* **Exercise requirements**
Quote exactly the lines running from the line with "- the output: overshoot" to the end of the entries, including both, and nothing else.

* **The records**
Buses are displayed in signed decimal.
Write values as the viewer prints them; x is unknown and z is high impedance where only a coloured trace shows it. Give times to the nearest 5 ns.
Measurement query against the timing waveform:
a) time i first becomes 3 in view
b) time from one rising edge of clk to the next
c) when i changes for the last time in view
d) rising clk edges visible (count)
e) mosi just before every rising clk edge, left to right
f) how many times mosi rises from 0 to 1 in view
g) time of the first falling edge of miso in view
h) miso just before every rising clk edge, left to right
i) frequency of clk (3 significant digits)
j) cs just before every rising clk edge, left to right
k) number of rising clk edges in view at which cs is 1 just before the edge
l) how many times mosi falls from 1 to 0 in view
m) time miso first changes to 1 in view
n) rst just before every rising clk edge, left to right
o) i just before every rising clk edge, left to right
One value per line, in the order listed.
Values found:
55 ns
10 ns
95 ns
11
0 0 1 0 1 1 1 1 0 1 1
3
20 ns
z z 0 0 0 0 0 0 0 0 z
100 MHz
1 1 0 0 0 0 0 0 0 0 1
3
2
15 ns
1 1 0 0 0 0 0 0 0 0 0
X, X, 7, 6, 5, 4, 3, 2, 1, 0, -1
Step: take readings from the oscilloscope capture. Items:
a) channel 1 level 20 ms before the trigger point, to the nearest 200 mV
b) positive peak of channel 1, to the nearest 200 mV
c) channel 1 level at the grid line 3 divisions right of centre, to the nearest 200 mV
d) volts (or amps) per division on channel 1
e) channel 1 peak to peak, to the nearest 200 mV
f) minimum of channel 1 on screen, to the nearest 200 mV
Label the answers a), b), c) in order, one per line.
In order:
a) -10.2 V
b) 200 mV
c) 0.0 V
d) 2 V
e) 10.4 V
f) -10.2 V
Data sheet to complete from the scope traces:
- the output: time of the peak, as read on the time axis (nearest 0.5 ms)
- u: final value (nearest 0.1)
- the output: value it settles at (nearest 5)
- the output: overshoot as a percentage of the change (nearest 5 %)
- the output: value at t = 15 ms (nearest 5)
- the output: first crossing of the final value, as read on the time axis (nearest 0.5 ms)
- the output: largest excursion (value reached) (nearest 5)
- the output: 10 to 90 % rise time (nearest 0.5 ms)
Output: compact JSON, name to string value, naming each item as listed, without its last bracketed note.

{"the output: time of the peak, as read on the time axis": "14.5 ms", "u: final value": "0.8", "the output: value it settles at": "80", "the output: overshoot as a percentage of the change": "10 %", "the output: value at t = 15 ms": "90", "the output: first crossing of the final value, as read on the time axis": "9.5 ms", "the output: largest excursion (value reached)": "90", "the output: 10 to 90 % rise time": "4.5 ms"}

* **Your solution**
- the output: overshoot as a percentage of the change (nearest 5 %)
- the output: value at t = 15 ms (nearest 5)
- the output: first crossing of the final value, as read on the time axis (nearest 0.5 ms)
- the output: largest excursion (value reached) (nearest 5)
- the output: 10 to 90 % rise time (nearest 0.5 ms)
Output: compact JSON, name to string value, naming each item as listed, without its last bracketed note.

{"the output: time of the peak, as read on the time axis": "14.5 ms", "u: final value": "0.8", "the output: value it settles at": "80", "the output: overshoot as a percentage of the change": "10 %", "the output: value at t = 15 ms": "90", "the output: first crossing of the final value, as read on the time axis": "9.5 ms", "the output: largest excursion (value reached)": "90", "the output: 10 to 90 % rise time": "4.5 ms"}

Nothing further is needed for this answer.